In many cases, an investment property can provide an income stream, a hedge against inflation and overall portfolio diversification. Investing in property is different from other types of investments in that it is relatively illiquid, and you may have to obtain financing to make the investment.
If you're in the market to purchase an investment property, there are a few considerations you should keep in mind.
When purchasing real estate, it's often said that location is the main consideration—this is true with an investment property as well.
If you're looking into various types of rental units (an apartment building, a house, a condo unit(s) or others), make sure to look at the property’s location. How is the demand for housing in the area—is it an area where people want to live? There are many factors that can attract different types of people to the area; good schools can attract families, being close to a main business district in the city can be attractive for urban areas or it could be close in proximity to entertainment, shopping, dining, etc., which is desirable for another subset of people.
You'll want to fully understand the pros and cons of a property’s location prior to investing as this can have a big impact, not only on your ability to find tenants but also on the future value of the property if and when you'd like to sell.
Management and Ownership Issues
Before buying an investment property, make sure you're on top of the various issues connected with managing and owning the property.
Especially in the case of a property that will be rented to tenants, the property has to be managed. It will need to be maintained and new tenants will need to be found if a tenant decides to move out after the end of their lease. As a landlord, you need to ask yourself if you are willing and able to fix broken toilets, mow the lawn and do other maintenance on the property. How about collecting rent and finding new tenants? If these aren't tasks you're particularly up for handling yourself, it may make sense to hire an outside property management firm.
If you're interested in going the property management route, the ongoing costs of hiring the firm, plus the ongoing costs of maintaining the property should be factored into your purchasing decision and how much you're willing to pay as an investor.
The costs of maintaining and managing the property should be a key part of the cash flow analysis you do as a part of making the decision as to whether or not to invest in the property. Other components of the cash flow analysis can include:
- What will the costs be, if any, to get the property ready to be able to rent? This can vary widely from property to property but can be a sizable outlay that will need to be made prior to earning any rental income.
- Will you be able to charge enough in rent to cover the costs of ownership such as taxes, mortgage payment, property management and others and still make an acceptable profit on the investment?

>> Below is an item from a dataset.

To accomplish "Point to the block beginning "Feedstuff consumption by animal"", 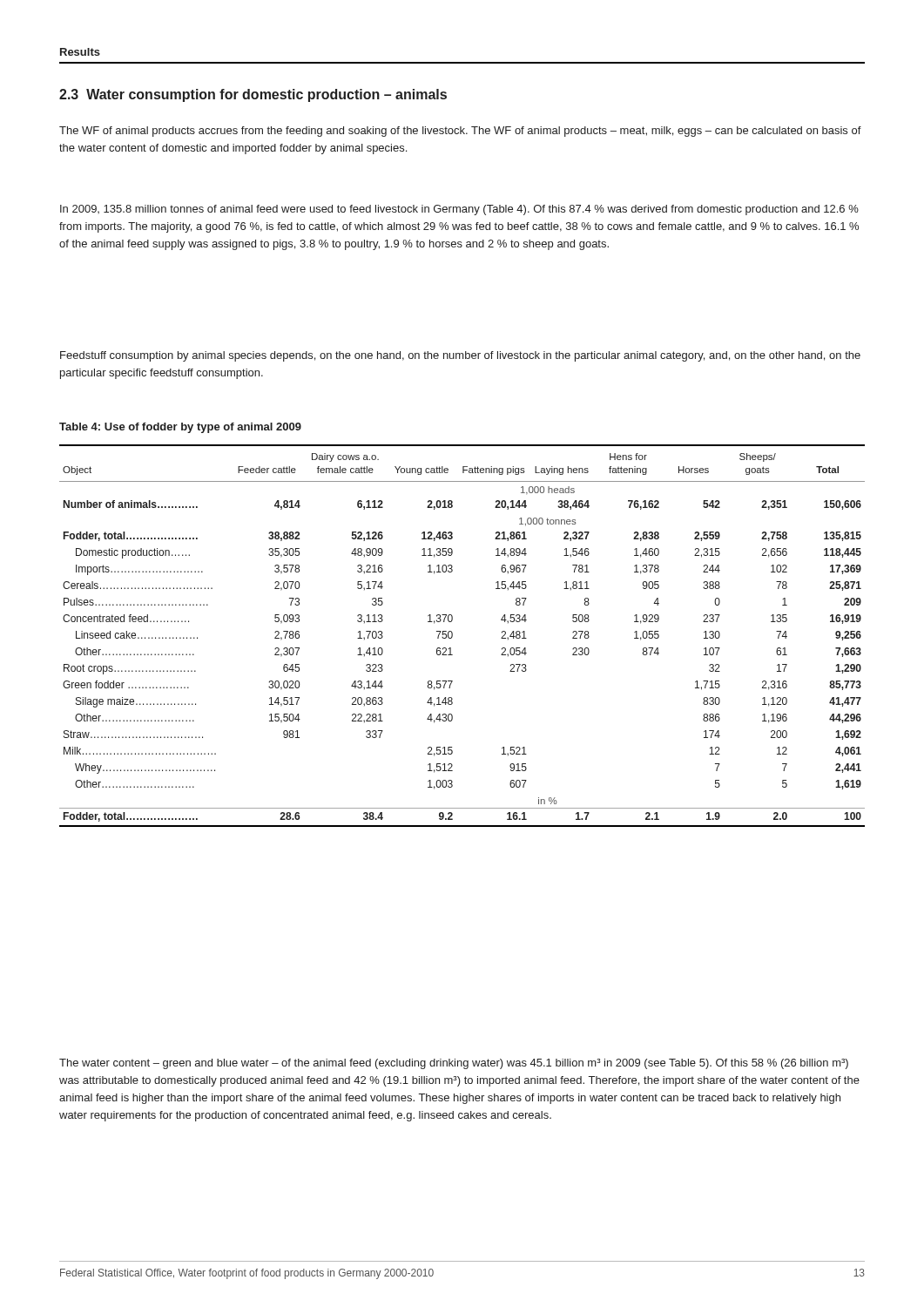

- An important part of this analysis is to ensure that you factor in all costs of purchasing and owning the property upfront to mitigate the impact of any potential negative financial surprises down the road.

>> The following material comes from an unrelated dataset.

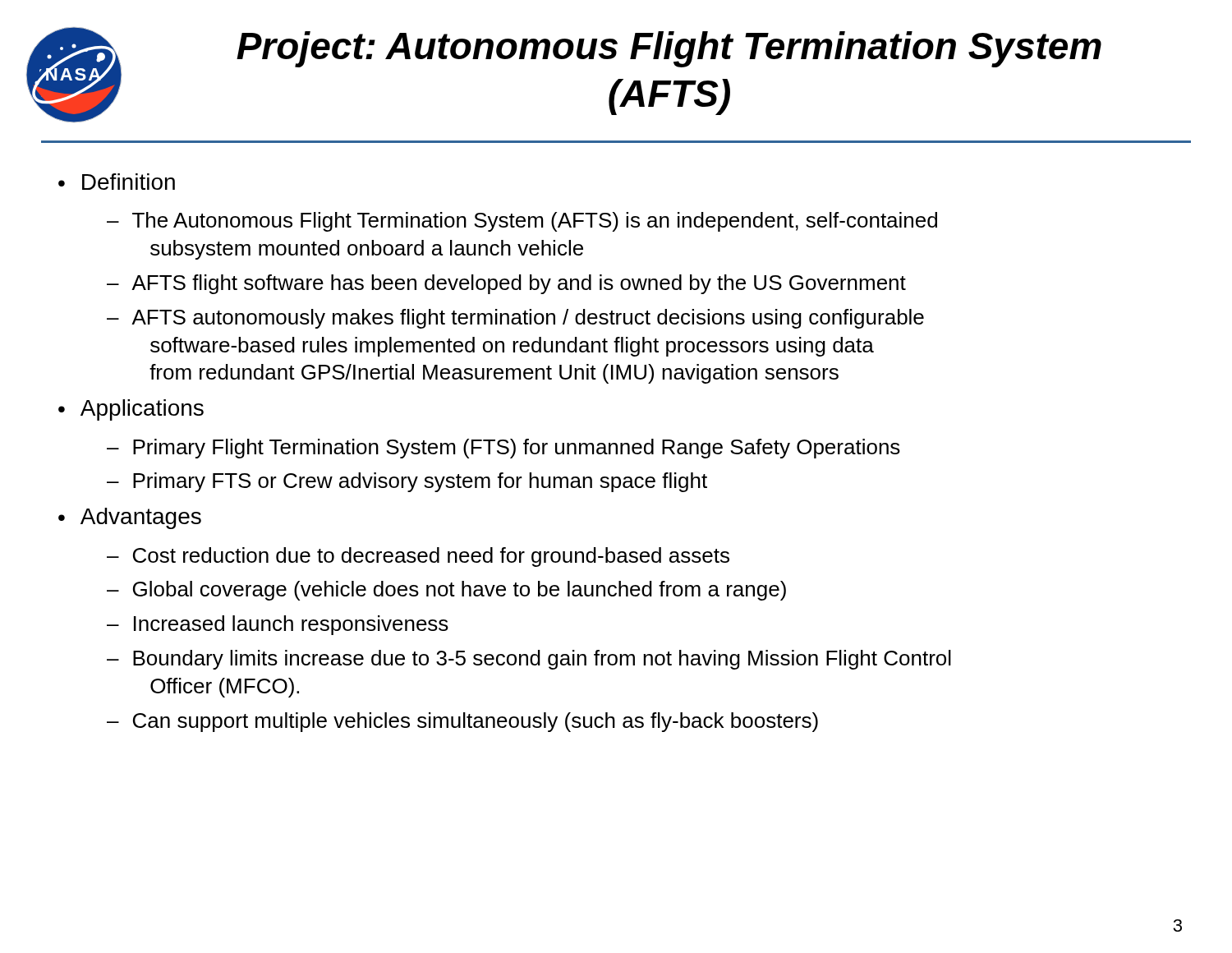Locate the block of text that opens with "– Primary FTS"
The image size is (1232, 953).
click(407, 482)

When deciding whether to purchase an investment property, there are a number of investment-related issues to consider.
A key consideration is how the purchase of this investment property, and investment properties in general, fits with your overall investment strategy. If you're considering the purchase of your first investment property, your goal might be to diversify away from more traditional holdings like stocks, bonds, mutual and ETFs.
If you already invest in real estate, you'll want to consider how this property might fit with their existing investment real estate holdings.
You should also be prepared with how you'll be purchasing the property. If you'll be financing the purchase, you'll need to look at your credit score and the impact that may have on your ability to obtain financing at a favorable interest rate, or at all. You should also determine how much cash you're able to come up with for a down payment on the loan. The level of the monthly mortgage payment can have a major impact on determining whether this investment is financially viable for you.
Real estate is a relatively illiquid investment. Unlike mutual funds, stocks or ETFs, there is not an organized secondary market for real estate where you'll be able to readily ascertain a price for the property and sell at any point that you might need to. You should determine how this aspect could impact your financial situation and if you're able to tie up cash in this investment for a period that might entail a number of years.
Potential Risk Factors
Like any other investment, you need to weigh the risks of owning an investment property and assess whether or not you can absorb these risks. Some of these include:
- The potential for future increases in property taxes. Municipalities will reassess property values on a regular basis and taxes can go up for any number of reasons.
- Vacancies that occur over time as tenants move on. Any time the property is vacant represents a loss of cash flow that might be needed to pay the mortgage and other expenses of owning the property. You'll need to be able to sustain this hit to your cash flow from the investment.
- The impact of a downturn in the economy. This could impact investment properties in a variety of ways. This might cause the number of vacancies in the area to skyrocket, potentially forcing you to drastically lower the rent in order to attract and retain tenants. Or worse, this might result in prolonged vacancies for the property.
Investment properties can represent a solid investment for many people. Like any investment you may be considering it's important that you do a thorough analysis prior to making the investment to help ensure that it is a successful one for you.